A hospital needs not just a yes/no diagnosis but a risk probability: "this patient has a 73% chance of diabetes." Use logistic regression. The calibrated output can be communicated directly to clinicians and combined with other risk factors in a transparent way.

Example

Image classification with complex boundaries (pre-deep learning)

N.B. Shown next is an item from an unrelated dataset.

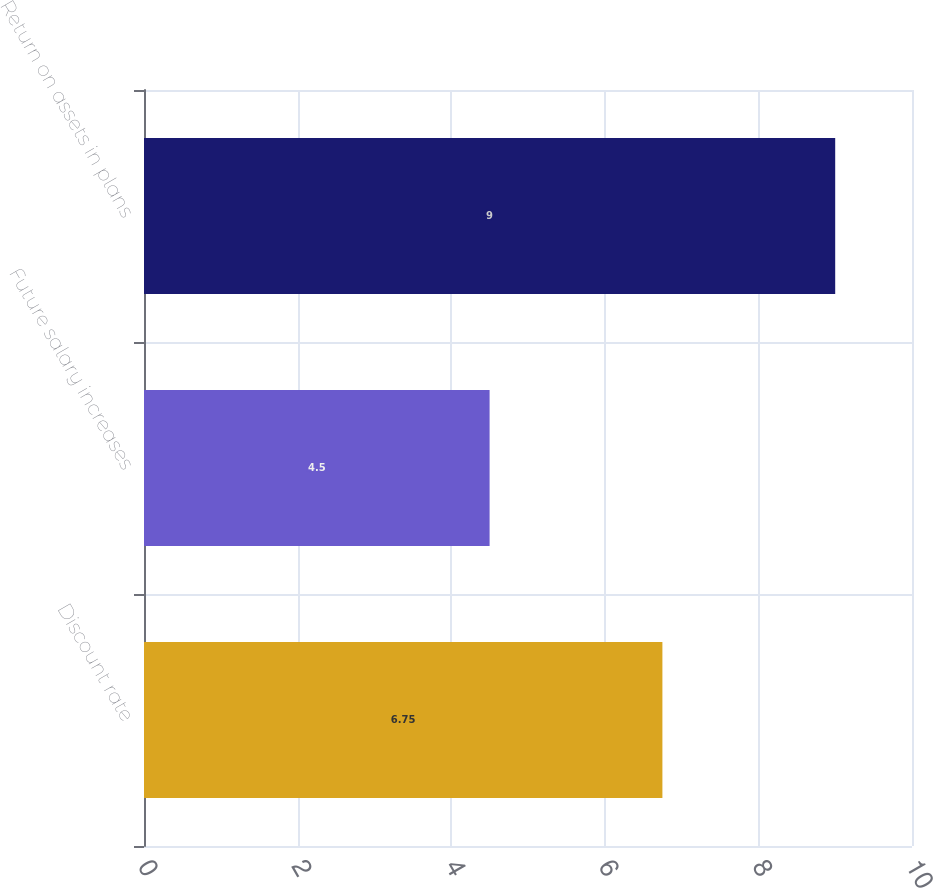<chart> <loc_0><loc_0><loc_500><loc_500><bar_chart><fcel>Discount rate<fcel>Future salary increases<fcel>Return on assets in plans<nl><fcel>6.75<fcel>4.5<fcel>9<nl></chart> 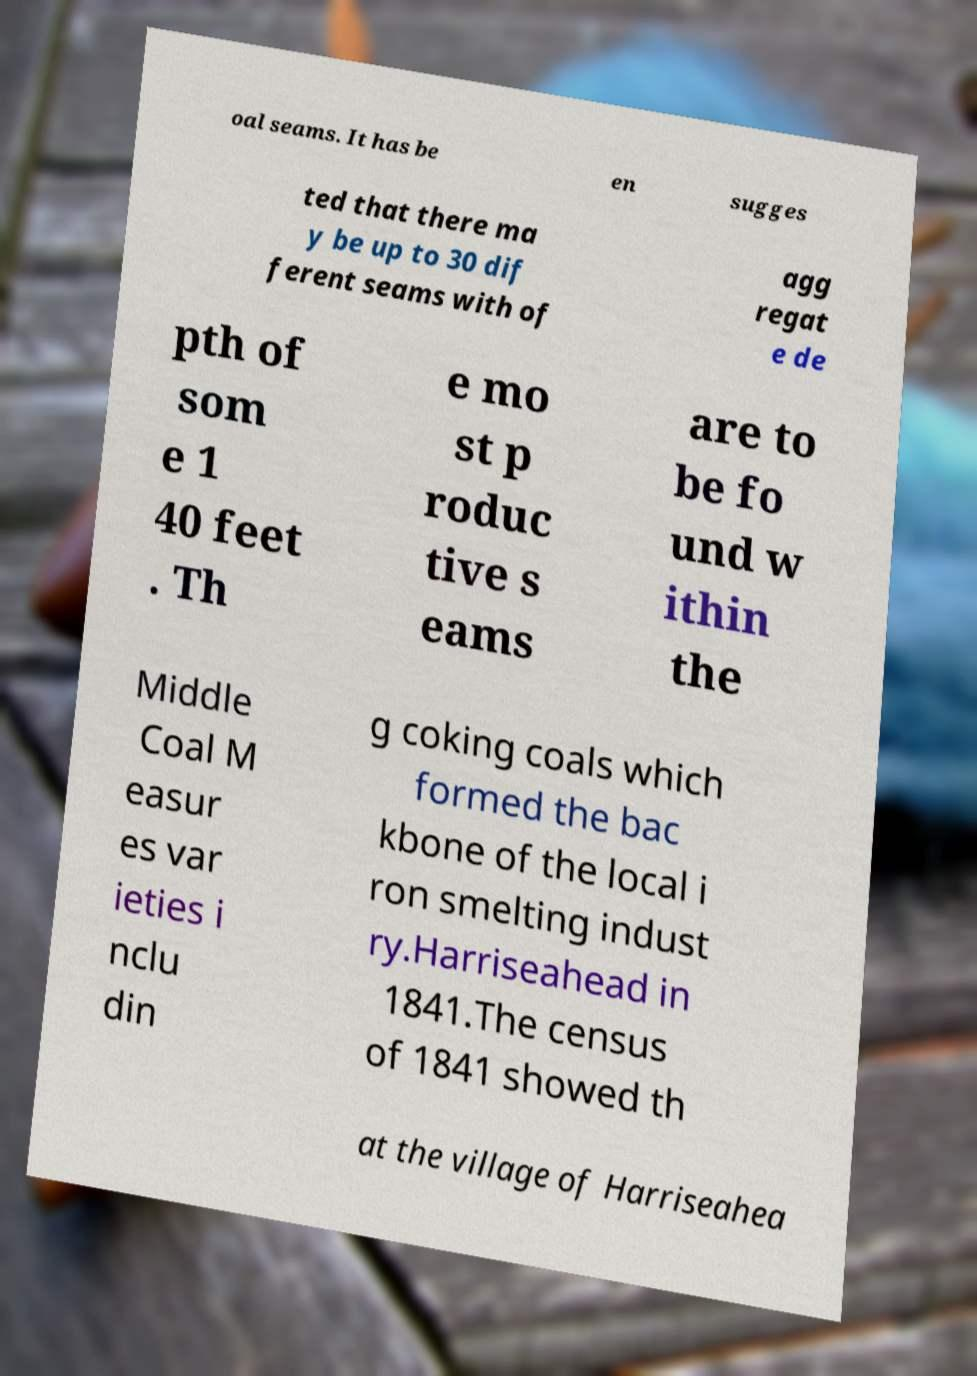For documentation purposes, I need the text within this image transcribed. Could you provide that? oal seams. It has be en sugges ted that there ma y be up to 30 dif ferent seams with of agg regat e de pth of som e 1 40 feet . Th e mo st p roduc tive s eams are to be fo und w ithin the Middle Coal M easur es var ieties i nclu din g coking coals which formed the bac kbone of the local i ron smelting indust ry.Harriseahead in 1841.The census of 1841 showed th at the village of Harriseahea

You have image features (SIFT, HOG) and need a nonlinear classifier. Use SVM with RBF kernel. Before deep learning, kernel SVMs were the standard for image classification (e.g., the winning method on MNIST and CIFAR in the 2000s). The kernel handles nonlinearity without manually designing features.

Example

Text classification at scale

You have millions of documents with bag-of-words features (high-dimensional, sparse). Use logistic regression with SGD. Linear SVMs also work well here (liblinear), and the two give very similar results. LR is preferred because it gives probabilities and extends naturally to multi-class.

Common Confusions

Watch Out

SVMs are not inherently better for small datasets

A common claim is that SVMs work better on small datasets because they use only support vectors. This is misleading. SVMs and LR with the same regularization often give very similar performance. The advantage of SVMs on small data comes primarily from the kernel trick providing a richer implicit feature space, not from the hinge loss per se.

Watch Out

Regularization makes them more similar than different

L2-regularized hinge loss (SVM) and L2-regularized log loss (LR) are both convex objectives on the same hypothesis class. Their decision boundaries are often nearly identical. The practical differences lie in outputs (probability vs. decision value), not in boundary location.

Watch Out

The max-margin property does not imply better generalization in general

The margin-based generalization bounds for SVMs are appealing, but they apply to the specific hypothesis class defined by the kernel. LR has its own generalization bounds via the log loss. There is no universal theorem saying max-margin always generalizes better than max-likelihood.